Information supplied below:
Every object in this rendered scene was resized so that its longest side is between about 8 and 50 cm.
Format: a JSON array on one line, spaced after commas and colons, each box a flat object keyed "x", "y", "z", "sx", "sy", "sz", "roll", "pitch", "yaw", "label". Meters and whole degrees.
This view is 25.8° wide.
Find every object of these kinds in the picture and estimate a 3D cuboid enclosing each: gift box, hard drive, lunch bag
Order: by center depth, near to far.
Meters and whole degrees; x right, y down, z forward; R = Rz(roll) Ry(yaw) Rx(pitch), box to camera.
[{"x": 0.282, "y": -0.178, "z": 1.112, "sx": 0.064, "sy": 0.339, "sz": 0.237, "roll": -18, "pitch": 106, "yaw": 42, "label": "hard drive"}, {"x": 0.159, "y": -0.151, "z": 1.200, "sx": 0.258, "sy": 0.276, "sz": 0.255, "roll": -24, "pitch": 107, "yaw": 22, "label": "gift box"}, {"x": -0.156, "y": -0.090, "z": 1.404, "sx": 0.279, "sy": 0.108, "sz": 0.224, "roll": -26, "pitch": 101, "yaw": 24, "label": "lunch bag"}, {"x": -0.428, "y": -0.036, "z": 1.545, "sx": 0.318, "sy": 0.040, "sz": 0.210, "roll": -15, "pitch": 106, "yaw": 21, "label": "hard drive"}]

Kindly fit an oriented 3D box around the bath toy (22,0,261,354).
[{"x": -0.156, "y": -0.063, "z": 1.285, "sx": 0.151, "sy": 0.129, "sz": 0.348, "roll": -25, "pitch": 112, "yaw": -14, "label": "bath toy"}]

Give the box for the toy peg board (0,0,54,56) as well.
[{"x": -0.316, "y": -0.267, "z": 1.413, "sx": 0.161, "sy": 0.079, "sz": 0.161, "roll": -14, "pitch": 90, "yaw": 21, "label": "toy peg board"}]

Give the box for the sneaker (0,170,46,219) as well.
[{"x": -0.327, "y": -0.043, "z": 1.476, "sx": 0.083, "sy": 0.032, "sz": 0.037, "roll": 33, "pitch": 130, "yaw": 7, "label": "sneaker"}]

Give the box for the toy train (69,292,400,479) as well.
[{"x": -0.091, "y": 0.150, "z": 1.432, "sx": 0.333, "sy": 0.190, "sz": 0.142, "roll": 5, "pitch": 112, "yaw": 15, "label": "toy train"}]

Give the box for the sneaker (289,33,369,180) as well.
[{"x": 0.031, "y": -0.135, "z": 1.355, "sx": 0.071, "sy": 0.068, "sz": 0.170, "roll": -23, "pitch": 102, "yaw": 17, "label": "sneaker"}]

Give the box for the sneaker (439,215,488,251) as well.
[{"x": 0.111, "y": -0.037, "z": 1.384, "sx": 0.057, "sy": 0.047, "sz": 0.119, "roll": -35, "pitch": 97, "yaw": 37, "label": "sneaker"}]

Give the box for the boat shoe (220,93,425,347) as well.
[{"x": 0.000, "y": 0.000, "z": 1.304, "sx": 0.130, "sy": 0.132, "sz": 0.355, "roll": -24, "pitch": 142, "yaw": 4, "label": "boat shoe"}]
End of Information supplied.
Information supplied below:
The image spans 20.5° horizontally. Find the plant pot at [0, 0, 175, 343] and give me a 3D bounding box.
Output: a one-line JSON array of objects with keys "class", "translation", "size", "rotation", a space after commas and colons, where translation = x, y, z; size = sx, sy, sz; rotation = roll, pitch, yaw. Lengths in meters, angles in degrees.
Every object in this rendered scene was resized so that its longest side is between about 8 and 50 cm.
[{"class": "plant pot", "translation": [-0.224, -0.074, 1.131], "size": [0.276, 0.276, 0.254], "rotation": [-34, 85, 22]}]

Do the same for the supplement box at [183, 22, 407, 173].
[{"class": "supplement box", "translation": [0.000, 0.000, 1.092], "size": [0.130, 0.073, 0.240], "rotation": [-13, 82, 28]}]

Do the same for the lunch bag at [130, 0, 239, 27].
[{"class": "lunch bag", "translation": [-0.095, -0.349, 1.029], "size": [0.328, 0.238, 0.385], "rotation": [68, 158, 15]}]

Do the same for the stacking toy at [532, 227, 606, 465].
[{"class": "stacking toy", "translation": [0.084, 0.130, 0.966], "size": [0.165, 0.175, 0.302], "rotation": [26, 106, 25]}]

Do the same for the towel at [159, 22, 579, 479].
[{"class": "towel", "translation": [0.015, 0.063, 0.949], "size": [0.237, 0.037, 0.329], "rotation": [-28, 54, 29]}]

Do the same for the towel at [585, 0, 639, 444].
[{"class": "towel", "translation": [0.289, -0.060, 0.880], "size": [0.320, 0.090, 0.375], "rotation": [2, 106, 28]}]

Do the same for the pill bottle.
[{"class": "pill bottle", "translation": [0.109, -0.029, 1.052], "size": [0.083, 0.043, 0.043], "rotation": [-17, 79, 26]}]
End of Information supplied.
Information supplied below:
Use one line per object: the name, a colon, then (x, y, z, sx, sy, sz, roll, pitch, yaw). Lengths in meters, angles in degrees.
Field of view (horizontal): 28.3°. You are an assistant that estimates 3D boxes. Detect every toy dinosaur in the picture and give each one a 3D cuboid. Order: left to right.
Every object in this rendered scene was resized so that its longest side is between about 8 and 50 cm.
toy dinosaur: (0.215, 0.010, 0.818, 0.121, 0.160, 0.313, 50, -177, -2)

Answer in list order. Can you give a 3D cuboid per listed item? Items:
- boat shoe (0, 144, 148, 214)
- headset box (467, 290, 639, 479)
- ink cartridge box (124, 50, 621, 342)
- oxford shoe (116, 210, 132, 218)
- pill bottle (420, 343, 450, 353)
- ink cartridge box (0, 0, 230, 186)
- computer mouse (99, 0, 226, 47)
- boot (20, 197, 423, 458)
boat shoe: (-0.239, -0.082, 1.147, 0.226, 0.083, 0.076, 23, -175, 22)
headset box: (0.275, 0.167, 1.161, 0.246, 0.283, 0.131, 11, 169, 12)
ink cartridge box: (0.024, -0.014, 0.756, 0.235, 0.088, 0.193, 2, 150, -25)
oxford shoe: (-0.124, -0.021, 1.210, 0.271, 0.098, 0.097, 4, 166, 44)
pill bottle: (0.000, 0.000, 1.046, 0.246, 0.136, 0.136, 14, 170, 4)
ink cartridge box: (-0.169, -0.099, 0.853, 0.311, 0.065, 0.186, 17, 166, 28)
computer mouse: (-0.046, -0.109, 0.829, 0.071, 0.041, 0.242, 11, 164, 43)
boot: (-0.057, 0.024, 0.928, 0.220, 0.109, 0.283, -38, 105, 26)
End of Information supplied.
• What you need to do:
Where in the records above does the word "view" appear? Copy each line that holds it.

• Written answer:
This view is 25.8° wide.
Field of view (horizontal): 28.3°. You are an assistant that estimates 3D boxes. Detect every toy dinosaur in the picture and give each one a 3D cuboid. Order: left to right.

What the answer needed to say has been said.